* **Work to complete**: Give the entries again exactly. Skip the pictures.

* **Materials provided**:
━━━━

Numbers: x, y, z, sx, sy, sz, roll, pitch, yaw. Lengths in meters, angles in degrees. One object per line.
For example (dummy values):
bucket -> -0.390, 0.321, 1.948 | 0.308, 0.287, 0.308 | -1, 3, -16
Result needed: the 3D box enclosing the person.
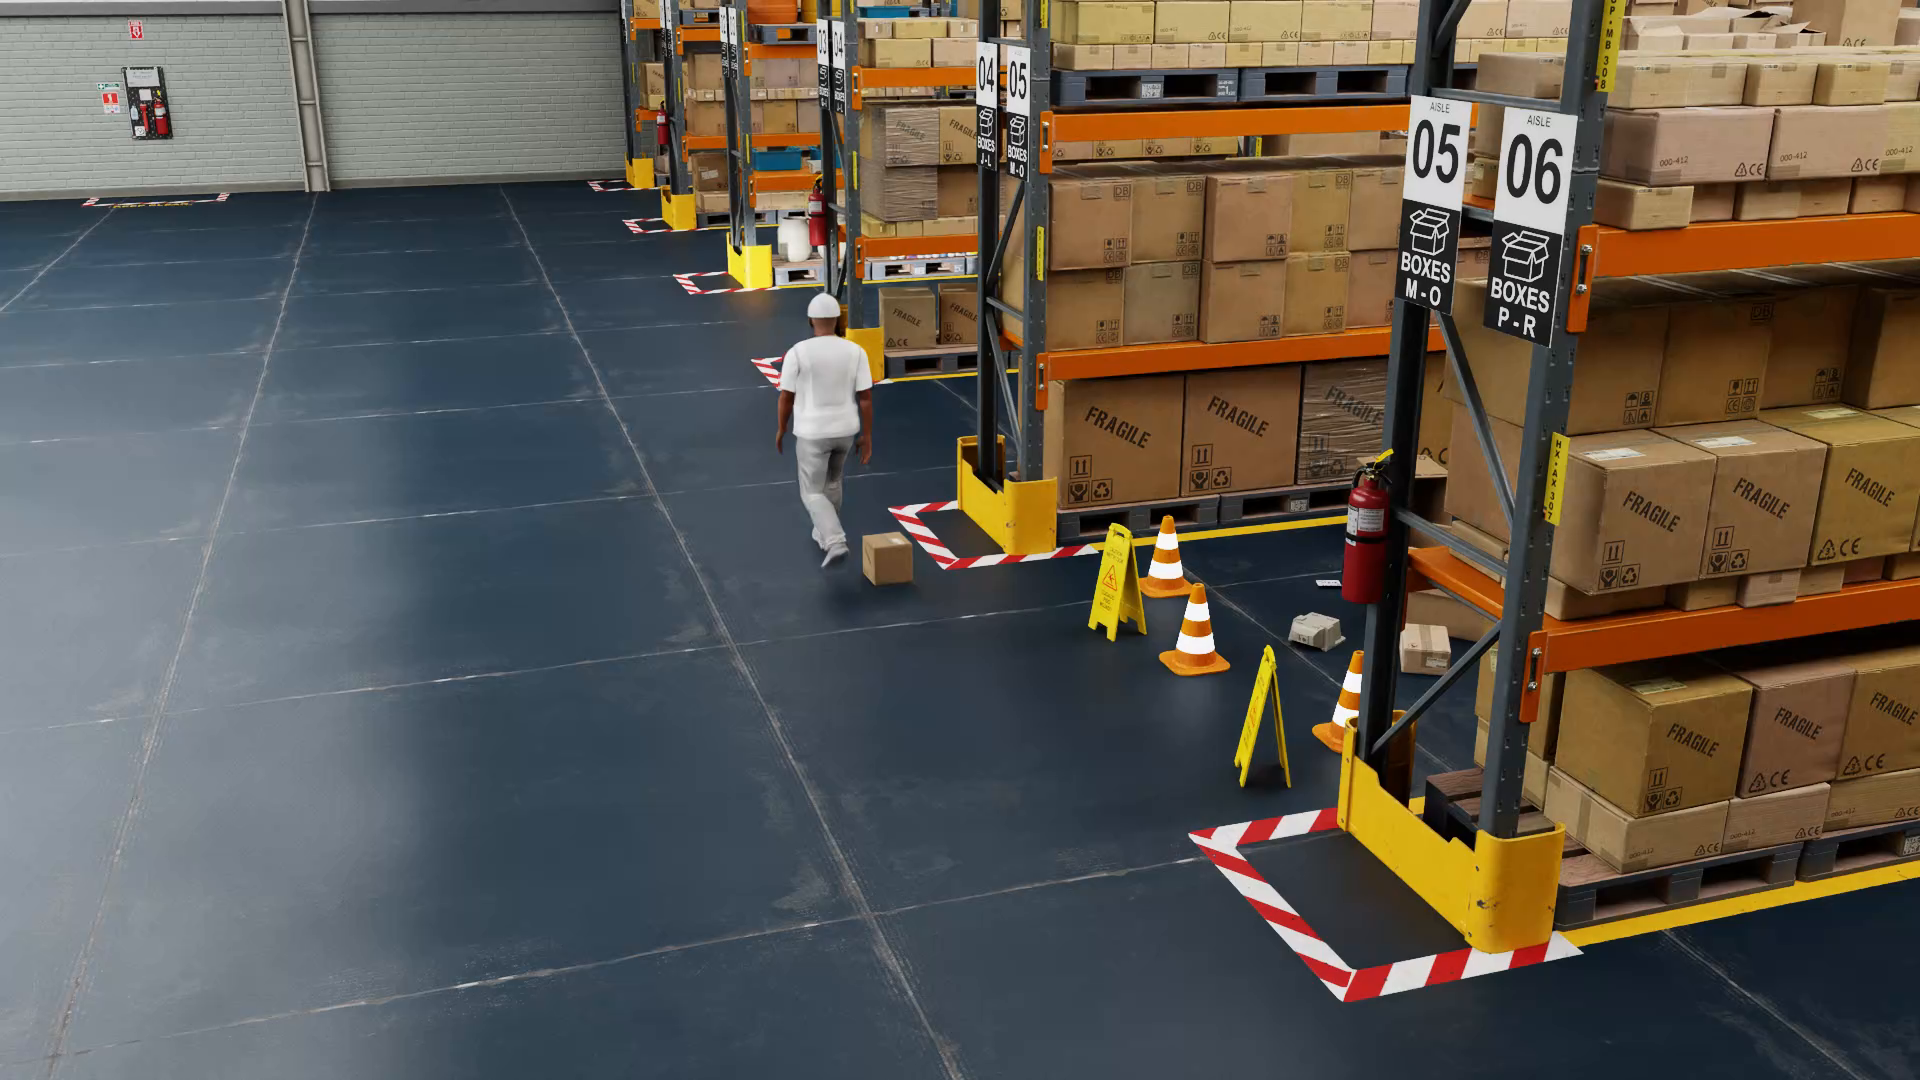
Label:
person -> -0.833, -0.678, 10.477 | 0.575, 1.726, 0.995 | -9, 21, -23
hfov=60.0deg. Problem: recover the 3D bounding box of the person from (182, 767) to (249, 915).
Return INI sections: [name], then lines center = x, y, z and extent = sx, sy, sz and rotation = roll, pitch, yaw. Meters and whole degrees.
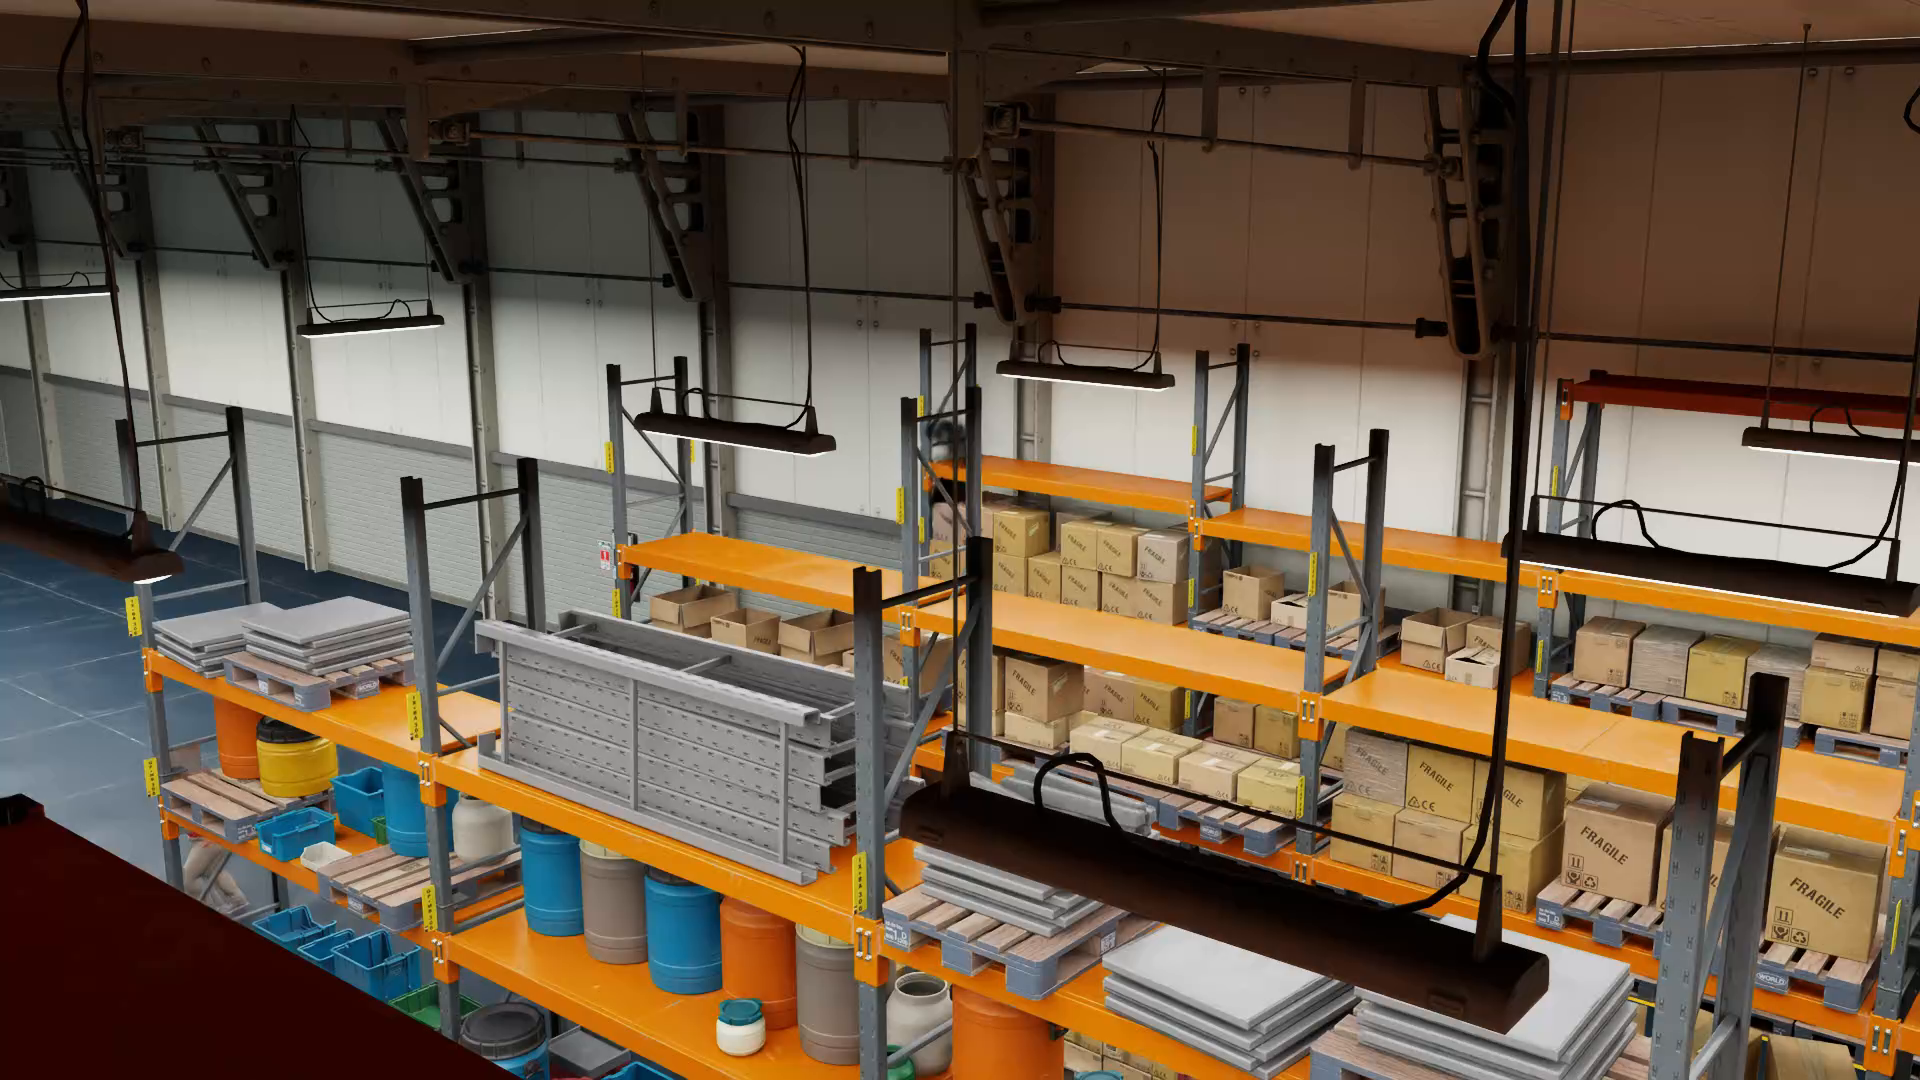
[person]
center = -8.080, 3.298, 17.819
extent = 0.723, 1.788, 0.639
rotation = -5, 14, -23

━━━━

* **Response below**:
Numbers: x, y, z, sx, sy, sz, roll, pitch, yaw. Lengths in meters, angles in degrees. One object per line.
For example (dummy values):
bucket -> -0.390, 0.321, 1.948 | 0.308, 0.287, 0.308 | -1, 3, -16
Result needed: the 3D box enclosing the person.
Label:
person -> -0.833, -0.678, 10.477 | 0.575, 1.726, 0.995 | -9, 21, -23
hfov=60.0deg. Problem: recover the 3D bounding box of the person from (182, 767) to (249, 915).
Return INI sections: [name], then lines center = x, y, z and extent = sx, sy, sz and rotation = roll, pitch, yaw. Meters and whole degrees.
[person]
center = -8.080, 3.298, 17.819
extent = 0.723, 1.788, 0.639
rotation = -5, 14, -23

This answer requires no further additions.